JavaFXのドラッグの動作についてみていきたいと思います。
JavaFXのドラッグの動作には、以下の3つのタイプがあります。
- Simple press-drag-release gesture
- Full press-drag-release gesture
- Platform-supported drag-and-drop gesture
これらの動作は、MOUSE_PRESSEDイベントで開始し、MOUSE_RELEASEDイベントで終了することになり、Simple press-drag-release gestureがデフォルトの動作になります。
まずは、Simple press-drag-release gestureからみていきたいと思います。
この動作については、ノードの大きさを変更したり、ノードの位置をドラッグして移動したりするときのように、対象となるノードのみの操作で、他のノードと関連しないような操作を行いたいときに利用します。
MOUSE_PRESSEDイベントが発生したノードに対して、MOUSE_RELEASEDイベントが発生するまで、そのノードに対してマウスイベントが発生しますので、基本的には、MOUSE_PRESSEDイベントで、ドラッグしたいノードに対して初期処理を行い、MOUSE_DRAGGEDイベントで、ドラッグしたときの処理を行い、MOUSE_RELEASEDイベントで、終了処理を行うことになります。
以下のような、1つのノードの位置をドラッグで移動するものを作成してみたいと思います。
シーン上に1つのCircleがあり、それを操作する単純なものになります。
まずは、FXMLで以下のようにViewを定義します。
<Scene xmlns:fx="http://javafx.com/fxml"
fx:id="scene"
width="640" height="480">
<stylesheets>
<URL value="@NodeDragDemoStyle.css"/>
</stylesheets>
<Pane>
<Circle fx:id="draggableCircle"
centerX="100" centerY="100" radius="30"/>
</Pane>
</Scene>
次に、コントローラクラスを定義し、Circleのドラッグに対する動作を実装します。
public class NodeDragDemoSceneController {
@FXML
private Scene scene;
@FXML
private Circle draggableCircle;
private double dragAnchorX;
private double dragAnchorY;
public void performOn(Stage stage) {
stage.setScene(scene);
stage.setTitle("Node Drag Demo");
stage.sizeToScene();
stage.centerOnScreen();
stage.show();
}
@FXML
protected void initialize() {
draggableCircle.setOnMousePressed(new EventHandler<MouseEvent>() {
@Override
public void handle(MouseEvent mouseEvent) {
Node node = (Node)mouseEvent.getSource();
dragAnchorX = mouseEvent.getSceneX() - node.getLayoutX();
dragAnchorY = mouseEvent.getSceneY() - node.getLayoutY();
}
});
draggableCircle.setOnMouseDragged(new EventHandler<MouseEvent>() {
@Override
public void handle(MouseEvent mouseEvent) {
Node node = (Node)mouseEvent.getSource();
node.setLayoutX(mouseEvent.getSceneX() - dragAnchorX);
node.setLayoutY(mouseEvent.getSceneY() - dragAnchorY);
}
});
}
}
ノードの位置を変更するには、layoutXとlayoutYを変更することによって行っています。ドラッグしたときのマウスの位置の変化分をlayoutXとlayoutYに反映するようにしています。

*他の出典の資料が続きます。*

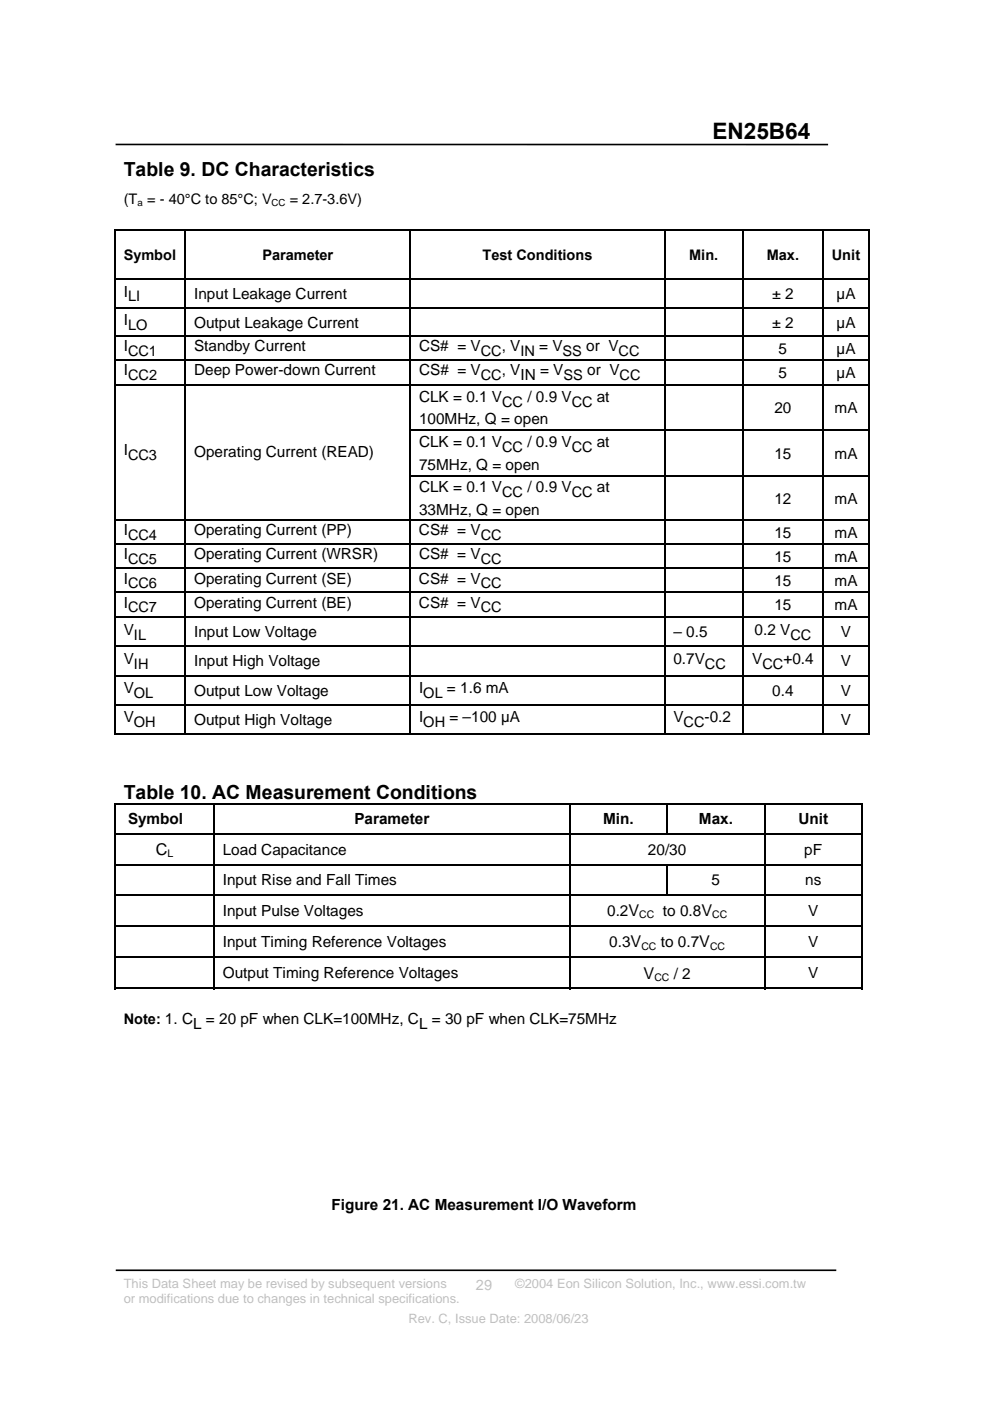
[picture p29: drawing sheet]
<svg xmlns="http://www.w3.org/2000/svg" width="210mm" height="297mm" viewBox="0 0 210 297" stroke-linecap="round" stroke-linejoin="round" font-family="sans-serif">
<defs><g id="words">
<text font-size="4.8" x="151.1" y="29.4">EN25B64</text>
<g font-size="4.1">
<text x="26.2" y="37.2">Table 9. DC Characteristics</text>
<text x="26.2" y="169.4">Table 10. AC Measurement Conditions</text>
</g>
<g font-size="3.4">
<text x="33" y="181.3">C</text>
<text x="136.5" y="207.5">V</text>
</g>
<g font-size="3.3">
<text x="26.2" y="62.9">I</text>
<text x="41.2" y="63.4">Input Leakage Current</text>
<text x="163.8" y="63.4">± 2</text>
<text x="177.4" y="63.4">µA</text>
<text x="26.2" y="69">I</text>
<text x="41.2" y="69.5">Output Leakage Current</text>
<text x="163.8" y="69.5">± 2</text>
<text x="177.4" y="69.5">µA</text>
<text x="26.2" y="74.5">I</text>
<text x="41.2" y="74.5">Standby Current</text>
<text x="88.9" y="74.5">CS# = V</text>
<text x="106.4" y="74.5">, V</text>
<text x="114.3" y="74.5">= V</text>
<text x="124.3" y="74.5">or V</text>
<text x="165.1" y="75">5</text>
<text x="177.4" y="75">µA</text>
<text x="26.2" y="79.6">I</text>
<text x="41.2" y="79.6">Deep Power-down Current</text>
<text x="88.9" y="79.6">CS# = V</text>
<text x="106.4" y="79.6">, V</text>
<text x="110.4" y="80.6">IN</text>
<text x="114.6" y="79.6">= V</text>
<text x="124.5" y="79.6">or V</text>
<text x="165.1" y="80.1">5</text>
<text x="177.4" y="80.1">µA</text>
<text x="88.9" y="85.2">CLK = 0.1 V</text>
<text x="88.9" y="89.9">100MHz, Q = open</text>
<text x="111.9" y="85.2">/ 0.9 V</text>
<text x="126.6" y="85.2">at</text>
<text x="164.3" y="87.5">20</text>
<text x="177" y="87.5">mA</text>
<text x="88.9" y="94.9">CLK = 0.1 V</text>
<text x="111.9" y="94.9">/ 0.9 V</text>
<text x="126.6" y="94.9">at</text>
<text x="26.2" y="96.4">I</text>
<text x="41.2" y="96.9">Operating Current (READ)</text>
<text x="88.9" y="99.6">75MHz, Q = open</text>
<text x="164.3" y="97.2">15</text>
<text x="177" y="97.2">mA</text>
<text x="88.9" y="104.4">CLK = 0.1 V</text>
<text x="111.9" y="104.4">/ 0.9 V</text>
<text x="126.6" y="104.4">at</text>
<text x="164.3" y="106.8">12</text>
<text x="177" y="106.8">mA</text>
<text x="26.2" y="113.5">I</text>
<text x="41.2" y="113.5">Operating Current (PP)</text>
<text x="88.9" y="113.5">CS# = V</text>
<text x="88.9" y="109.1">33MHz, Q = open</text>
<text x="26.2" y="118.6">I</text>
<text x="41.2" y="118.6">Operating Current (WRSR)</text>
<text x="88.9" y="118.6">CS# = V</text>
<text x="164.3" y="114">15</text>
<text x="164.3" y="119.1">15</text>
<text x="177" y="114">mA</text>
<text x="177" y="119.1">mA</text>
<text x="26.2" y="123.7">I</text>
<text x="41.2" y="123.7">Operating Current (SE)</text>
<text x="88.9" y="123.7">CS# = V</text>
<text x="164.3" y="124.2">15</text>
<text x="177" y="124.2">mA</text>
<text x="26.2" y="128.8">I</text>
<text x="41.2" y="128.8">Operating Current (BE)</text>
<text x="88.9" y="128.8">CS# = V</text>
<text x="164.3" y="129.4">15</text>
<text x="177" y="129.4">mA</text>
<text x="26.2" y="134.6">V</text>
<text x="41.2" y="135.1">Input Low Voltage</text>
<text x="142.8" y="135.1">– 0.5</text>
<text x="160" y="134.6">0.2 V</text>
<text x="178.4" y="135.1">V</text>
<text x="26.2" y="140.8">V</text>
<text x="41.2" y="141.3">Input High Voltage</text>
<text x="142.8" y="140.8">0.7V</text>
<text x="159.6" y="140.8">V</text>
<text x="166.2" y="140.8">+0.4</text>
<text x="178.4" y="141.3">V</text>
<text x="26.2" y="147">V</text>
<text x="41.2" y="147.5">Output Low Voltage</text>
<text x="88.9" y="147">I</text>
<text x="94.8" y="147">= 1.6 mA</text>
<text x="163.8" y="147.5">0.4</text>
<text x="178.4" y="147.5">V</text>
<text x="26.2" y="153.2">V</text>
<text x="41.2" y="153.7">Output High Voltage</text>
<text x="88.9" y="153.2">I</text>
<text x="95.3" y="153.2">= –100 µA</text>
<text x="142.8" y="153.2">V</text>
<text x="149.4" y="153.2">-0.2</text>
<text x="178.4" y="153.7">V</text>
<text x="27.2" y="174.8">Symbol</text>
<text x="75.2" y="174.8">Parameter</text>
<text x="127.9" y="174.8">Min.</text>
<text x="148.2" y="174.8">Max.</text>
<text x="169.4" y="174.8">Unit</text>
<text x="47.3" y="181.2">Load Capacitance</text>
<text x="137.4" y="181.2">20/30</text>
<text x="170.6" y="181.2">pF</text>
<text x="47.3" y="187.7">Input Rise and Fall Times</text>
<text x="150.9" y="187.7">5</text>
<text x="170.8" y="187.7">ns</text>
<text x="47.3" y="194.1">Input Pulse Voltages</text>
<text x="128.8" y="194.2">0.2V</text>
<text x="140.6" y="194.2">to 0.8V</text>
<text x="171.4" y="194.1">V</text>
<text x="47.3" y="200.8">Input Timing Reference Voltages</text>
<text x="129.2" y="200.9">0.3V</text>
<text x="140.2" y="200.9">to 0.7V</text>
<text x="171.4" y="200.8">V</text>
<text x="47.3" y="207.4">Output Timing Reference Voltages</text>
<text x="142.9" y="207.5">/ 2</text>
<text x="171.4" y="207.4">V</text>
<text x="41" y="218.2">L</text>
<text x="43.7" y="217.2">= 20 pF when CLK=100MHz, C</text>
<text x="88.9" y="218.2">L</text>
<text x="91.6" y="217.2">= 30 pF when CLK=75MHz</text>
<text x="70.3" y="256.6">Figure 21. AC Measurement I/O Waveform</text>
</g>
<g font-size="3.1">
<text x="26.2" y="43.2">(T = - 40°C to 85°C; V</text>
<text x="61.4" y="43.2">= 2.7-3.6V)</text>
<text x="26.2" y="55.1">Symbol</text>
<text x="55.6" y="55.1">Parameter</text>
<text x="102.3" y="55.1">Test Conditions</text>
<text x="146.2" y="55.1">Min.</text>
<text x="162.6" y="55.1">Max.</text>
<text x="176.4" y="55.1">Unit</text>
<text x="27.2" y="63.9">LI</text>
<text x="27.2" y="70">LO</text>
<text x="27.2" y="75.5">CC1</text>
<text x="102" y="75.5">CC</text>
<text x="110.4" y="75.5">IN</text>
<text x="119.3" y="75.5">SS</text>
<text x="131.2" y="75.5">CC</text>
<text x="27.2" y="80.6">CC2</text>
<text x="102" y="80.6">CC</text>
<text x="119.5" y="80.6">SS</text>
<text x="131.4" y="80.6">CC</text>
<text x="106.5" y="86.2">CC</text>
<text x="121.3" y="86.2">CC</text>
<text x="106.5" y="95.9">CC</text>
<text x="121.3" y="95.9">CC</text>
<text x="27.2" y="97.4">CC3</text>
<text x="106.5" y="105.4">CC</text>
<text x="121.3" y="105.4">CC</text>
<text x="27.2" y="114.5">CC4</text>
<text x="27.2" y="119.6">CC5</text>
<text x="102" y="114.5">CC</text>
<text x="102" y="119.6">CC</text>
<text x="27.2" y="124.7">CC6</text>
<text x="102" y="124.7">CC</text>
<text x="27.2" y="129.8">CC7</text>
<text x="102" y="129.8">CC</text>
<text x="28.4" y="135.6">IL</text>
<text x="167.6" y="135.6">CC</text>
<text x="28.4" y="141.8">IH</text>
<text x="149.5" y="141.8">CC</text>
<text x="161.7" y="141.8">CC</text>
<text x="28.4" y="148">OL</text>
<text x="89.8" y="148">OL</text>
<text x="28.4" y="154.2">OH</text>
<text x="89.8" y="154.2">OH</text>
<text x="145" y="154.2">CC</text>
<text x="26.2" y="217.2">Note: 1. C</text>
</g>
<text font-size="3.1" fill="#c0c0c0" x="100.9" y="273.5">29</text>
<g font-size="2.7" fill="#c0c0c0">
<text x="26.2" y="273.1">This Data Sheet may be revised by subsequent versions</text>
<text x="109.3" y="273.1">©2004 Eon Silicon Solution, Inc., www.essi.com.tw</text>
<text x="26.2" y="276.3">or modifications due to changes in technical specifications.</text>
<text x="86.6" y="280.5">Rev. C, Issue Date: 2008/06/23</text>
</g>
<g font-size="2.2">
<text x="35.5" y="181.8">L</text>
<text x="135.6" y="194.7">CC</text>
<text x="151" y="194.7">CC</text>
<text x="136" y="201.4">CC</text>
<text x="150.6" y="201.4">CC</text>
<text x="138.8" y="208">CC</text>
</g>
<g font-size="2.1">
<text x="29.2" y="43.7">a</text>
<text x="57.6" y="43.7">CC</text>
</g>
</g></defs>
<path d="M24.5 30.6h151.1" fill="none" stroke="#000" stroke-width=".34"/>
<path d="M86.3 277.6h51.2v3.7h-51.2z" fill="#fff"/>
<g fill="none" stroke="#000" stroke-width=".34">
<path d="M24.6 59.1h14.6M39.5 59.1h101.3M141.1 59.1h16.3M157.7 59.1h16.7M174.6 49v9.9M174.6 59.3v5.9M174.8 59.1h9.3M184.3 49v9.9M184.3 59.3v5.9M24.6 76.4h14.6M39.5 76.4h47.4M87 71.5v4.7"/>
<path d="M87 76.6v4.8M87.2 76.4h53.6M141.1 76.4h16.3M157.7 76.4h16.7M174.6 65.6v5.5M174.6 71.5v4.7M174.6 76.6v4.8M174.8 76.4h9.3M184.3 65.6v5.5M184.3 71.5v4.7M184.3 76.6v4.8M24.6 81.6h14.6"/>
<path d="M39.5 81.6h47.4M87 81.7v9.4M87 91.4v9.4M87.2 81.6h53.6M87.2 91.2h53.6M141.1 81.6h16.3M141.1 91.2h16.3M157.7 81.6h16.7M157.7 91.2h16.7M174.6 81.7v9.4M174.6 91.4v9.4M174.8 81.6h9.3"/>
<path d="M174.8 91.2h9.3M184.3 81.7v9.4M184.3 91.4v9.4M87 101.1v9M87 110.5v4.7M87 115.6v4.7M87.2 100.9h53.6M141.1 100.9h16.3M157.7 100.9h16.7M174.6 101.1v9M174.6 110.5v4.7M174.6 115.6v4.7"/>
<path d="M174.8 100.9h9.3M184.3 101.1v9M184.3 110.5v4.7M184.3 115.6v4.7M24.6 120.5h14.6M24.6 125.6h14.6M24.6 130.8h14.6M24.6 137h14.6M39.5 120.5h47.4M39.5 125.6h47.4M39.5 130.8h47.4M39.5 137h47.4"/>
<path d="M87 120.7v4.7M87 125.8v4.9M87 131v5.9M87 137.2v5.9M87.2 120.5h53.6M87.2 125.6h53.6M87.2 130.8h53.6M87.2 137h53.6M141.1 120.5h16.3M141.1 125.6h16.3M141.1 130.8h16.3M141.1 137h16.3"/>
<path d="M157.7 120.5h16.7M157.7 125.6h16.7M157.7 130.8h16.7M157.7 137h16.7M174.6 120.7v4.7M174.6 125.8v4.9M174.6 131v5.9M174.6 137.2v5.9M174.8 120.5h9.3M174.8 125.6h9.3M174.8 130.8h9.3M174.8 137h9.3"/>
<path d="M184.3 120.7v4.7M184.3 125.8v4.9M184.3 131v5.9M184.3 137.2v5.9M24.2 155.6h15M24.6 149.4h14.6M39.5 149.4h47.4M39.5 155.6h47.4M87 143.4v5.8M87 149.6v6.2M87.2 149.4h53.6M87.2 155.6h53.6"/>
<path d="M141.1 149.4h16.3M141.1 155.6h16.3M157.7 149.4h16.7M157.7 155.6h16.7M174.6 143.4v5.8M174.6 149.6v6.2M174.8 149.4h9.3M174.8 155.6h9.3M184.3 143.4v5.8M184.3 149.6v6.2M45.5 170.5h75.2M121 170.5h20.4"/>
<path d="M141.5 170.6v6M141.7 170.5h20.3M162.3 170.5h20.4M24.6 183.4h20.7M45.6 183.4h75.1M121 183.4h20.4M141.5 183.6v5.9M141.7 183.4h20.3M162.3 183.4h20.4M24.2 209.6h21.1M45.6 209.6h75.1M121 209.6h41"/>
<path d="M162.3 209.6h20.4M24.6 269.3h152.8"/>
</g>
<g fill="#000">
<path d="M24.2 48.6h.4v.4h-.4zM24.2 58.9h.4v.4h-.4zM39.2 48.6h.3v.4h-.3zM39.2 58.9h.3v.4h-.3zM86.9 48.9l.3 .1zM86.9 59.3h.3zM140.8 48.6h.3v.4h-.3zM140.8 58.9h.3v.4h-.3zM157.4 48.6h.3v.4h-.3zM157.4 58.9h.3v.4h-.3zM174.4 48.6h.4v.4h-.4zM174.4 58.9h.4v.4h-.4z"/>
<path d="M184.1 48.6h.4v.4h-.4zM184.1 48.6h.4v.3h-.4zM184.1 58.9h.4v.4h-.4zM24.2 65.2h.4v.4h-.4zM24.2 71.1h.4v.4h-.4zM24.2 76.2h.4v.4h-.4zM39.2 65.2h.3v.4h-.3zM39.2 71.1h.3v.4h-.3zM39.2 76.2h.3v.4h-.3zM86.9 71.1h.3v.4h-.3zM86.9 76.2h.3v.4h-.3zM86.9 65.6h.3z"/>
<path d="M140.8 65.2h.3v.4h-.3zM140.8 71.1h.3v.4h-.3zM140.8 76.2h.3v.4h-.3zM157.4 65.2h.3v.4h-.3zM157.4 71.1h.3v.4h-.3zM157.4 76.2h.3v.4h-.3zM174.4 65.2h.4v.4h-.4zM174.4 71.1h.4v.4h-.4zM174.4 76.2h.4v.4h-.4zM184.1 65.2h.4v.4h-.4zM184.1 71.1h.4v.4h-.4zM184.1 76.2h.4v.4h-.4z"/>
<path d="M24.2 81.4h.4v.3h-.4zM24.2 91.1h.4v.3h-.4zM39.2 81.4h.3v.3h-.3zM39.2 91.1h.3v.3h-.3zM86.9 81.4h.3v.3h-.3zM86.9 91.1h.3v.3h-.3zM140.8 81.4h.3v.3h-.3zM140.8 91.1h.3v.3h-.3zM157.4 81.4h.3v.3h-.3zM157.4 91.1h.3v.3h-.3zM174.4 81.4h.4v.3h-.4zM174.4 91.1h.4v.3h-.4z"/>
<path d="M184.1 81.4h.4v.3h-.4zM184.1 91.1h.4v.3h-.4zM24.2 100.8h.4v.3h-.4zM24.2 110.1h.4v.4h-.4zM24.2 115.2h.4v.4h-.4zM39.2 100.8h.3v.3h-.3zM39.2 110.1h.3v.4h-.3zM39.2 115.2h.3v.4h-.3zM86.9 100.8h.3v.3h-.3zM86.9 110.1h.3v.4h-.3zM86.9 115.2h.3v.4h-.3zM140.8 100.8h.3v.3h-.3z"/>
<path d="M140.8 110.1h.3v.4h-.3zM140.8 115.2h.3v.4h-.3zM157.4 100.8h.3v.3h-.3zM157.4 110.1h.3v.4h-.3zM157.4 115.2h.3v.4h-.3zM174.4 100.8h.4v.3h-.4zM174.4 110.1h.4v.4h-.4zM174.4 115.2h.4v.4h-.4zM184.1 100.8h.4v.3h-.4zM184.1 110.1h.4v.4h-.4zM184.1 115.2h.4v.4h-.4zM24.2 120.3h.4v.4h-.4z"/>
<path d="M24.2 125.4h.4v.4h-.4zM24.2 130.7h.4v.3h-.4zM24.2 136.9h.4v.3h-.4zM39.2 120.3h.3v.4h-.3zM39.2 125.4h.3v.4h-.3zM39.2 130.7h.3v.3h-.3zM39.2 136.9h.3v.3h-.3zM86.9 120.3h.3v.4h-.3zM86.9 125.4h.3v.4h-.3zM86.9 130.7h.3v.3h-.3zM86.9 136.9h.3v.3h-.3zM140.8 120.3h.3v.4h-.3z"/>
<path d="M140.8 125.4h.3v.4h-.3zM140.8 130.7h.3v.3h-.3zM140.8 136.9h.3v.3h-.3zM157.4 120.3h.3v.4h-.3zM157.4 125.4h.3v.4h-.3zM157.4 130.7h.3v.3h-.3zM157.4 136.9h.3v.3h-.3zM174.4 120.3h.4v.4h-.4zM174.4 125.4h.4v.4h-.4zM174.4 130.7h.4v.3h-.4zM174.4 136.9h.4v.3h-.4zM184.1 120.3h.4v.4h-.4z"/>
<path d="M184.1 125.4h.4v.4h-.4zM184.1 130.7h.4v.3h-.4zM184.1 136.9h.4v.3h-.4zM24.2 143.1h.4v.3h-.4zM24.2 149.2h.4v.4h-.4zM39.2 143.1h.3v.3h-.3zM39.2 149.2h.3v.4h-.3zM86.9 143.1h.3v.3h-.3zM86.9 149.2h.3v.4h-.3zM140.8 143.1h.3v.3h-.3zM140.8 149.2h.3v.4h-.3zM157.4 143.1h.3v.3h-.3z"/>
<path d="M157.4 149.2h.3v.4h-.3zM174.4 143.1h.4v.3h-.4zM174.4 149.2h.4v.4h-.4zM184.1 143.1h.4v.3h-.4zM184.1 149.2h.4v.4h-.4zM184.1 155.4h.4v.4h-.4zM24.2 176.6h.4v.3h-.4zM24.3 170.3h.2v.3h-.2zM45.3 176.8l.3 .1zM45.3 170.3h.2v.3h-.2zM45.3 170.3h.2v.2h-.2zM120.7 170.3h.3v.3h-.3z"/>
<path d="M120.7 176.6h.3v.3h-.3zM141.4 170.3h.3v.3h-.3zM162 170.3h.3v.3h-.3zM162 176.6h.3v.3h-.3zM182.7 170.3h.3v.3h-.3zM182.7 176.6h.3v.3h-.3zM24.2 183.2h.4v.4h-.4zM24.2 189.5h.4v.4h-.4zM24.2 196.2h.4v.3h-.4zM45.3 183.2h.3v.4h-.3zM45.3 189.5h.3v.4h-.3zM45.3 196.2h.3v.3h-.3z"/>
<path d="M120.7 183.2h.3v.4h-.3zM120.7 189.5h.3v.4h-.3zM120.7 196.2h.3v.3h-.3zM141.4 183.2h.3v.4h-.3zM162 183.2h.3v.4h-.3zM162 189.5h.3v.4h-.3zM162 196.2h.3v.3h-.3zM182.7 183.2h.3v.4h-.3zM182.7 189.5h.3v.4h-.3zM182.7 196.2h.3v.3h-.3zM24.2 202.8h.4v.3h-.4zM45.3 202.8h.3v.3h-.3z"/>
<path d="M120.7 202.8h.3v.3h-.3zM162 202.8h.3v.3h-.3zM182.7 202.8h.3v.3h-.3zM182.7 209.4h.3v.3h-.3z"/>
</g>
<g fill="none" stroke="#000" stroke-width=".32">
<path d="M24.2 48.8h15M24.4 49v9.9M24.4 59.3v5.9M39.3 49v9.9M39.3 59.3v5.9M39.5 48.8h101.3M141 49v9.9M141 59.3v5.9M141.1 48.8h16.3M157.6 49v9.9M157.6 59.3v5.9M157.7 48.8h16.7"/>
<path d="M174.8 48.8h9.3M24.4 65.6v5.5M24.4 71.5v4.7M24.4 76.6v4.8M24.6 65.4h14.6M24.6 71.3h14.6M39.3 65.6v5.5M39.3 71.5v4.7M39.3 76.6v4.8M39.5 65.4h101.3M39.5 71.3h47.4M87.2 71.3h53.6"/>
<path d="M141 65.6v5.5M141 71.5v4.7M141 76.6v4.8M141.1 65.4h16.3M141.1 71.3h16.3M157.6 65.6v5.5M157.6 71.5v4.7M157.6 76.6v4.8M157.7 65.4h16.7M157.7 71.3h16.7M174.8 65.4h9.3M174.8 71.3h9.3"/>
<path d="M24.4 81.7v9.4M24.4 91.4v9.4M39.3 81.7v9.4M39.3 91.4v9.4M141 81.7v9.4M141 91.4v9.4M157.6 81.7v9.4M157.6 91.4v9.4M24.4 101.1v9M24.4 110.5v4.7M24.4 115.6v4.7M24.6 110.3h14.6"/>
<path d="M24.6 115.4h14.6M39.3 101.1v9M39.3 110.5v4.7M39.3 115.6v4.7M39.5 110.3h47.4M39.5 115.4h47.4M87.2 110.3h53.6M87.2 115.4h53.6M141 101.1v9M141 110.5v4.7M141 115.6v4.7M141.1 110.3h16.3"/>
<path d="M141.1 115.4h16.3M157.6 101.1v9M157.6 110.5v4.7M157.6 115.6v4.7M157.7 110.3h16.7M157.7 115.4h16.7M174.8 110.3h9.3M174.8 115.4h9.3M24.4 120.7v4.7M24.4 125.8v4.9M24.4 131v5.9M24.4 137.2v5.9"/>
<path d="M39.3 120.7v4.7M39.3 125.8v4.9M39.3 131v5.9M39.3 137.2v5.9M141 120.7v4.7M141 125.8v4.9M141 131v5.9M141 137.2v5.9M157.6 120.7v4.7M157.6 125.8v4.9M157.6 131v5.9M157.6 137.2v5.9"/>
<path d="M24.4 143.4v5.8M24.4 149.6v6.2M24.6 143.2h14.6M39.3 143.4v5.8M39.3 149.6v6.2M39.5 143.2h47.4M87.2 143.2h53.6M141 143.4v5.8M141 149.6v6.2M141.1 143.2h16.3M157.6 143.4v5.8M157.6 149.6v6.2"/>
<path d="M157.7 143.2h16.7M174.8 143.2h9.3M24.4 176.9v6.3M45.4 176.9v6.3M120.9 170.6v6M120.9 176.9v6.3M162.2 170.6v6M162.2 176.9v6.3M182.8 170.6v6M182.8 176.9v6.3M24.4 183.6v5.9M24.4 189.9v6.3"/>
<path d="M24.4 196.5v6.3M24.6 189.7h20.7M24.6 196.3h20.7M45.4 183.6v5.9M45.4 189.9v6.3M45.4 196.5v6.3M45.6 189.7h75.1M45.6 196.3h75.1M120.9 183.6v5.9M120.9 189.9v6.3M120.9 196.5v6.3M121 189.7h41"/>
<path d="M121 196.3h41M162.2 183.6v5.9M162.2 189.9v6.3M162.2 196.5v6.3M162.3 189.7h20.4M162.3 196.3h20.4M182.8 183.6v5.9M182.8 189.9v6.3M182.8 196.5v6.3M24.4 203.1v6.6M24.6 202.9h20.7M45.4 203.1v6.6"/>
<path d="M45.6 202.9h75.1M120.9 203.1v6.6M121 202.9h41M162.2 203.1v6.6M162.3 202.9h20.4M182.8 203.1v6.6"/>
</g>
<path d="M87 49v9.9M87 59.3v5.9M87 65.6v5.5M24.3 170.4h21M24.6 176.7h96.1M121 176.7h41M162.3 176.7h20.4" fill="none" stroke="#000" stroke-width=".25"/>
<path d="M24.4 170.6v6M45.4 170.6v6" fill="none" stroke="#000" stroke-width=".23"/>
<use href="#words"/>
</svg>

MOUSE_PRESSEDイベントで、マウスのシーンに対する位置からノードのlayoutX, layoutYを引いた値を保持しておき、MOUSE_DRAGGEDイベントで、ドラッグしたときのマウスのシーンに対する位置から保持していた値を引くことによって、ドラッグ開始時のlayoutX, layoutYに、ドラッグしたときのマウスの移動量を追加するようにしています。今回は、終了処理として特に何も行いませんので、MOUSE_RELEASEDイベントは設定しませんでした。
あとは、Applicationクラスを作成しておきます。
public class NodeDragDemo extends Application {
@Override
public void start(Stage primaryStage) throws Exception {
FXController.of(new NodeDragDemoSceneController())
.fromDefaultLocation()
.load()
.performOn(primaryStage);
}
public static void main(String... args) {
launch(args);
}
}
FXControllerについては、こちらの記事を参照してください。
ドラッグの動作として、Simple press-drag-release gestureについてみていきました。ドラッグの動作としては基本的に、MOUSE_PRESSEDイベントで初期処理、MOUSE_DRAGGEDイベントでドラッグ中の処理、MOUSE_RELEASEDイベントで終了処理を実装すればよさそうです。次回は、このドラッグでノードを移動する動作を、コントローラクラスに直接記述するのではなく、再利用可能となるようなユーティリティクラスとして作成することを考えてみます。